=== Records shown ===

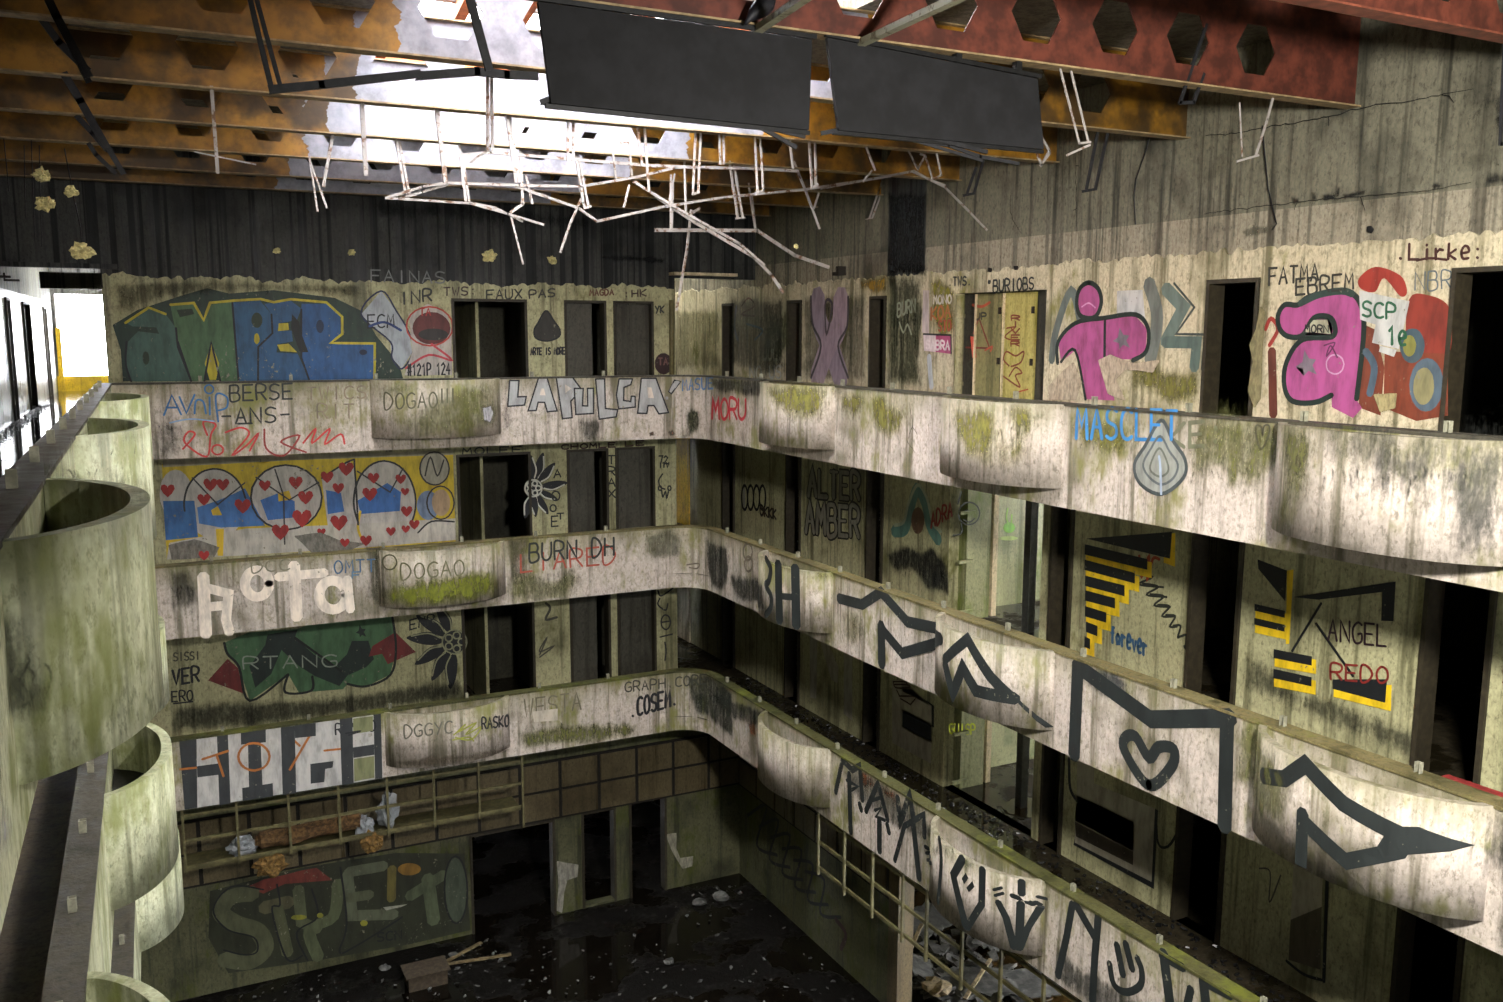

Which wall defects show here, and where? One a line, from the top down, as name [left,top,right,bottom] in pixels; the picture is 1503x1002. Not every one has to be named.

damp [1353,433,1429,485]
damp [1448,454,1498,544]
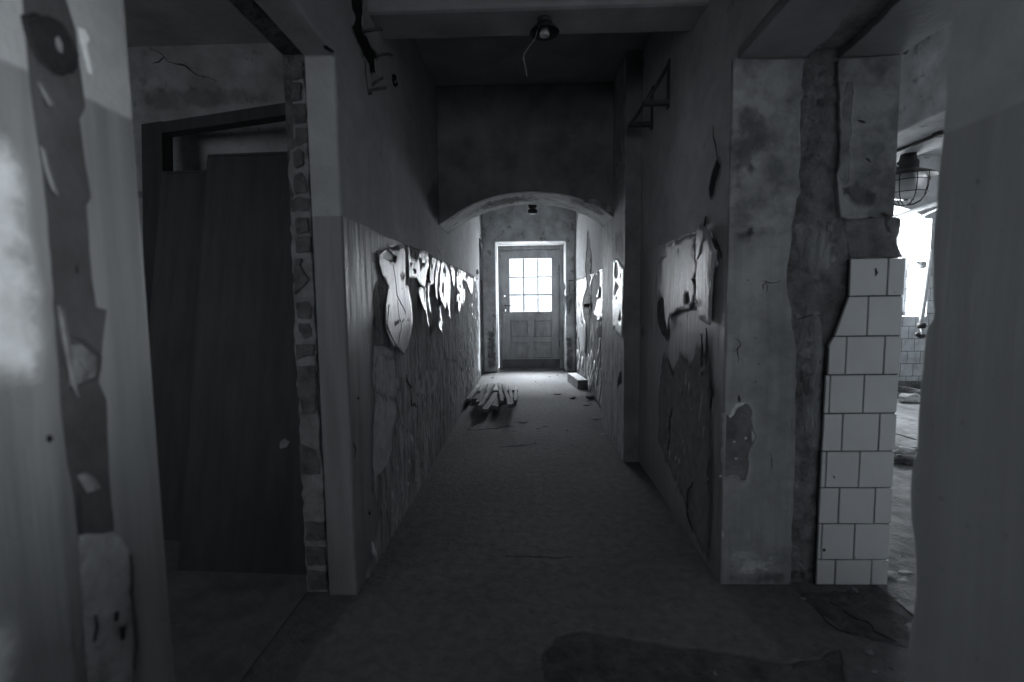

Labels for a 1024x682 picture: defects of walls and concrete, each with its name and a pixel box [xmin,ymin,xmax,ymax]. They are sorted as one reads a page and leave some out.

flaking render [78,27,93,75]
crack [151,48,217,81]
peeling [40,146,59,196]
spalling [843,216,902,276]
flaking render [563,229,624,409]
flaking render [657,297,670,341]
spalling [57,305,97,397]
flaking render [364,243,479,580]
flaking render [719,395,759,484]

===

● **Assignment**
Each entry above should be written out verbatim, minus its pictures.

● **Finished task**
Which wall defects show here, and where? One a line, from the top down, as name [left,top,right,bottom] in pixels; the picture is 1503x1002. Not every one has to be named.

damp [1353,433,1429,485]
damp [1448,454,1498,544]

Labels for a 1024x682 picture: defects of walls and concrete, each with its name and a pixel box [xmin,ymin,xmax,ymax]. They are sorted as one reads a page and leave some out.

flaking render [78,27,93,75]
crack [151,48,217,81]
peeling [40,146,59,196]
spalling [843,216,902,276]
flaking render [563,229,624,409]
flaking render [657,297,670,341]
spalling [57,305,97,397]
flaking render [364,243,479,580]
flaking render [719,395,759,484]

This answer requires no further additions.